Image & Narrative contributed by Nishant Radhakrishnan, Mumbai

This is a photograph taken in 1977 of my mother, K Jagadammal (right) with her peer and friend Jayshree Sawant (left) in Bombay. They were on a strike, outside a school compound, protesting the injustices served by the school they both taught in. My mother, K Jagadammal was born in 1949 in Kalanjoor, Pathanamthitta District, Kerala. Her parents were farmers, and she was one of five sisters and a brother. Her father later ran his own grocery shop, exactly opposite Kalanjoor Government School, that all of his children attended. My mother and her siblings all grew up to have careers as school-teachers.

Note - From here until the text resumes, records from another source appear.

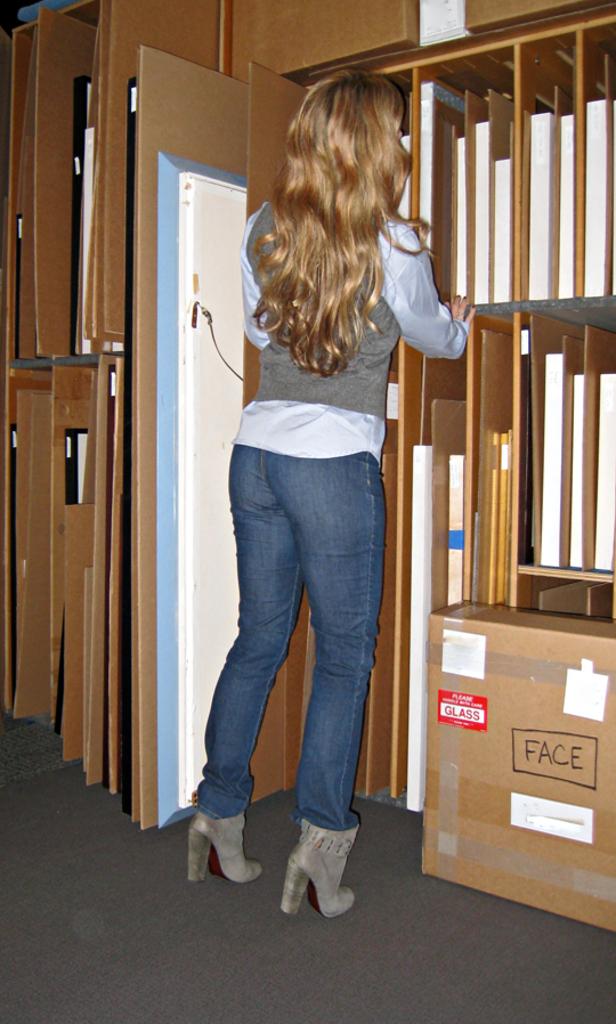What is in the box?
Your answer should be very brief. Face. 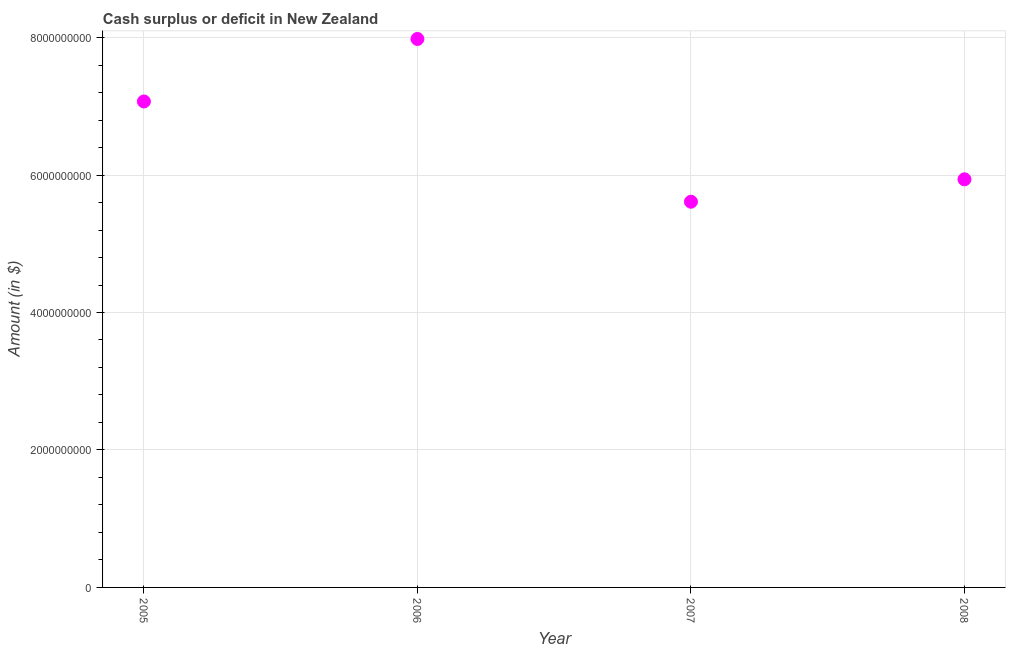What is the cash surplus or deficit in 2008?
Your answer should be compact. 5.94e+09. Across all years, what is the maximum cash surplus or deficit?
Your answer should be very brief. 7.98e+09. Across all years, what is the minimum cash surplus or deficit?
Your response must be concise. 5.61e+09. In which year was the cash surplus or deficit maximum?
Offer a very short reply. 2006. What is the sum of the cash surplus or deficit?
Your response must be concise. 2.66e+1. What is the difference between the cash surplus or deficit in 2006 and 2008?
Your response must be concise. 2.04e+09. What is the average cash surplus or deficit per year?
Make the answer very short. 6.65e+09. What is the median cash surplus or deficit?
Your answer should be very brief. 6.50e+09. What is the ratio of the cash surplus or deficit in 2007 to that in 2008?
Offer a very short reply. 0.95. Is the cash surplus or deficit in 2005 less than that in 2006?
Give a very brief answer. Yes. What is the difference between the highest and the second highest cash surplus or deficit?
Offer a very short reply. 9.09e+08. Is the sum of the cash surplus or deficit in 2005 and 2007 greater than the maximum cash surplus or deficit across all years?
Offer a terse response. Yes. What is the difference between the highest and the lowest cash surplus or deficit?
Offer a terse response. 2.37e+09. How many years are there in the graph?
Keep it short and to the point. 4. What is the difference between two consecutive major ticks on the Y-axis?
Your answer should be compact. 2.00e+09. Does the graph contain any zero values?
Your response must be concise. No. What is the title of the graph?
Provide a succinct answer. Cash surplus or deficit in New Zealand. What is the label or title of the Y-axis?
Offer a terse response. Amount (in $). What is the Amount (in $) in 2005?
Your answer should be compact. 7.07e+09. What is the Amount (in $) in 2006?
Your answer should be very brief. 7.98e+09. What is the Amount (in $) in 2007?
Provide a succinct answer. 5.61e+09. What is the Amount (in $) in 2008?
Your response must be concise. 5.94e+09. What is the difference between the Amount (in $) in 2005 and 2006?
Ensure brevity in your answer.  -9.09e+08. What is the difference between the Amount (in $) in 2005 and 2007?
Provide a short and direct response. 1.46e+09. What is the difference between the Amount (in $) in 2005 and 2008?
Provide a short and direct response. 1.13e+09. What is the difference between the Amount (in $) in 2006 and 2007?
Your answer should be compact. 2.37e+09. What is the difference between the Amount (in $) in 2006 and 2008?
Keep it short and to the point. 2.04e+09. What is the difference between the Amount (in $) in 2007 and 2008?
Ensure brevity in your answer.  -3.26e+08. What is the ratio of the Amount (in $) in 2005 to that in 2006?
Offer a terse response. 0.89. What is the ratio of the Amount (in $) in 2005 to that in 2007?
Offer a very short reply. 1.26. What is the ratio of the Amount (in $) in 2005 to that in 2008?
Your response must be concise. 1.19. What is the ratio of the Amount (in $) in 2006 to that in 2007?
Keep it short and to the point. 1.42. What is the ratio of the Amount (in $) in 2006 to that in 2008?
Provide a succinct answer. 1.34. What is the ratio of the Amount (in $) in 2007 to that in 2008?
Make the answer very short. 0.94.

In 1972, following a matrilineal Dravidian tradition, the Marumakkattayam system (where women of the family are legitimate inheritors of property and therefore integral to families), my mother was betrothed to her cousin, her mother’s brother’s son, my eventual father, M. G. Radhakrishnan. My father had been living in Bombay (now Mumbai) since 1968 and worked in a clerical position at the Indian Cotton Mills Federation. After their marriage they moved to Bombay and on June 11, 1973, my mother armed with degrees in B. Sc (Science) and B. Ed (Education), joined the ranks of thousands of Malayalee migrants (mostly teachers and nurses), and became a Primary section teacher at Abhyudaya Education Society High School where she taught all subjects except Marathi.